In a scientific study, McEvedy and Jones, authors of The Atlas of World Population History, determined that at the time of the exile of the Ten Lost Tribes in the year 722 B.C.E., the world’s population was around fifty million people, 50,000,000.
This means that the 2,700,000 exiles from the Ten Lost Tribes constituted a little more than 5% of the world’s population.
If we assume that this proportion has remained constant, a reasonable assumption, then 5% of seven billion people, 7,000,000,000, which is approximately the current world’s population, gives us a population of three hundred fifty million (350,000,000).
But not all of these people are Jewish. Only one born of a Jewish mother is Jewish. And it must be remembered that these exiles became assimilated and intermarried. Jewish women married Gentile men and Jewish men married Gentile women.

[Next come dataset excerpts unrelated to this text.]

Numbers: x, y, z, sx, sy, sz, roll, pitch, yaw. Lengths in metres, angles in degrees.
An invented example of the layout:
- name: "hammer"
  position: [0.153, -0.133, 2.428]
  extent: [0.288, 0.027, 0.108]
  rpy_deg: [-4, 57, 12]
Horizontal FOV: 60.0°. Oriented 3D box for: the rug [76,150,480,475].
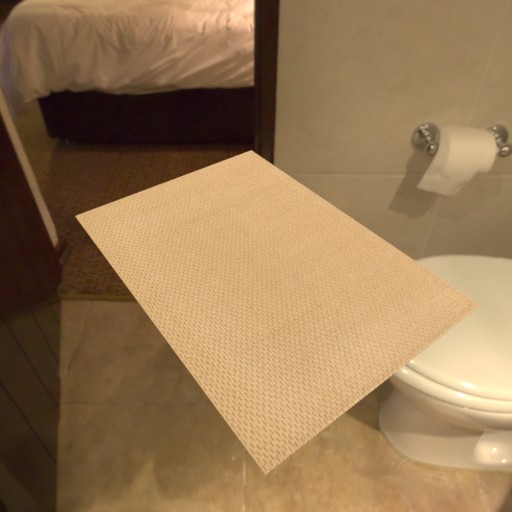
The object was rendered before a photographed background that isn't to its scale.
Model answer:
- name: "rug"
  position: [0.000, 0.000, 2.761]
  extent: [1.509, 0.013, 2.144]
  rpy_deg: [-27, 49, -26]
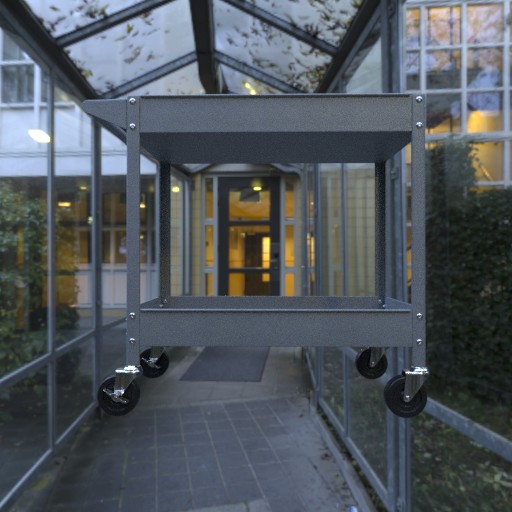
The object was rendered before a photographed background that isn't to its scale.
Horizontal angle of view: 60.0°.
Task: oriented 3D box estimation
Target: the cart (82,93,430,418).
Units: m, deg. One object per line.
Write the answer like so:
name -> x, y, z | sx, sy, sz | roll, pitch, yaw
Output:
cart -> 0.000, 0.000, 1.148 | 0.779, 0.719, 0.366 | 0, 0, 1
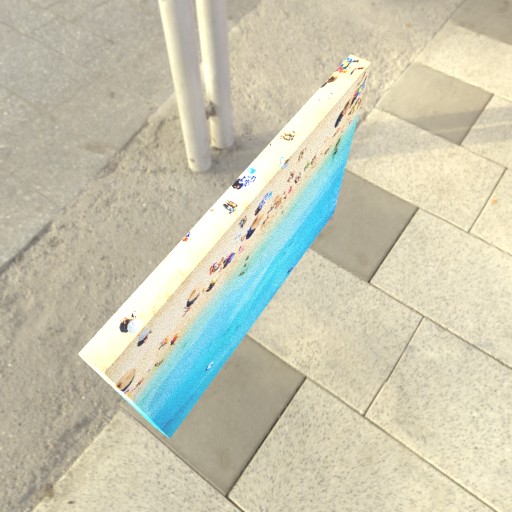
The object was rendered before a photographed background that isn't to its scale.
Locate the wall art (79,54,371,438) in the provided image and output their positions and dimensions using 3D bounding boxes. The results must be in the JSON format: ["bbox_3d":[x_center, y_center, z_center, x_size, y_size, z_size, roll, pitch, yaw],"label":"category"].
[{"bbox_3d":[0.000,0.000,1.118,0.057,0.595,0.894,30,63,17],"label":"wall art"}]
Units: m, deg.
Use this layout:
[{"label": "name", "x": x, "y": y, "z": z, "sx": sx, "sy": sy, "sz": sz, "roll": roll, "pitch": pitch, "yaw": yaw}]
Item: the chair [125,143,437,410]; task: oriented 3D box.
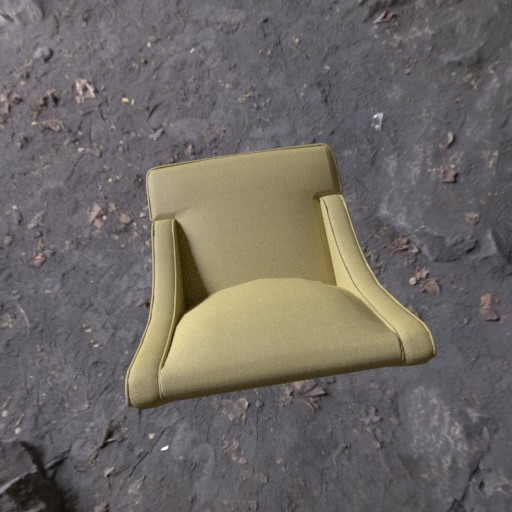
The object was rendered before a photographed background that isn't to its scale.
[{"label": "chair", "x": 0.000, "y": 0.000, "z": 1.465, "sx": 0.696, "sy": 0.896, "sz": 0.814, "roll": -9, "pitch": 76, "yaw": -2}]
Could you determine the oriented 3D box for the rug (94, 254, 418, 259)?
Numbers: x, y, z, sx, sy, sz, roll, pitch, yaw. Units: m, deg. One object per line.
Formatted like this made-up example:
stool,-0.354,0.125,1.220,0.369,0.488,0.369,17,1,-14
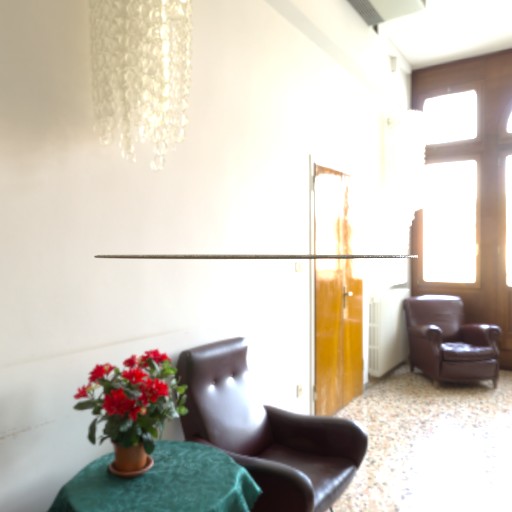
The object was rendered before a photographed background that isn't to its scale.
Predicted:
rug,0.000,0.000,2.322,1.593,0.012,1.593,0,0,0
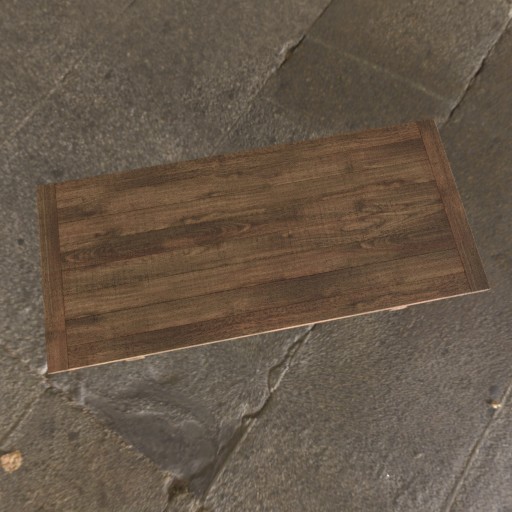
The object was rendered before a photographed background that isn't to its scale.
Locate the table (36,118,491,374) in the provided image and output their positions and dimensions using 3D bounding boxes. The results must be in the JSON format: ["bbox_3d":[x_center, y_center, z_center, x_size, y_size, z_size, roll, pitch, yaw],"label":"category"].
[{"bbox_3d":[0.000,0.000,2.463,2.031,0.733,0.907,-10,75,-3],"label":"table"}]

Let us figure the maximum, that 100% of the Israelites from the Ten Lost Tribes intermarried. Figuring that 50% of the population were women throughout the generations, another reasonable assumption, you can cut the 350 million figure right in half, giving us a grand total of 175 million lost Jews who are scattered around the world and do not realize that they are Jewish. But their souls realize it and many are yearning to be brought back to their heritage and their people. One hundred seventy-five million lost Jews who Isaiah, Jeremiah and Ezekiel prophesied will return to their Jewish roots before the Final Redemption (Geulah shalaimah), which according to many rabbinic authorities, has been in process for the last fifty years.
Today, there is steadily growing attraction of non-Jews to the Torah and Jewish tradition. Christians in particular have begun to delve into their faith’s Jewish roots. And quite often the search leads them to the conclusion that the only truth in Christianity is what the early church fathers took from Judaism. The rest is pagan.
This realization has inspired many to convert and become Jewish themselves or take on the Seven Laws of Noah and observe Judaism as a Noahide Ger, a righteous Gentile, who has embraced the Torah and places his faith in Hashem, the God of Israel.
Many rabbis see this as the fulfillment of the prophesied “ingathering” and a sure sign that the Final Redemption has begun.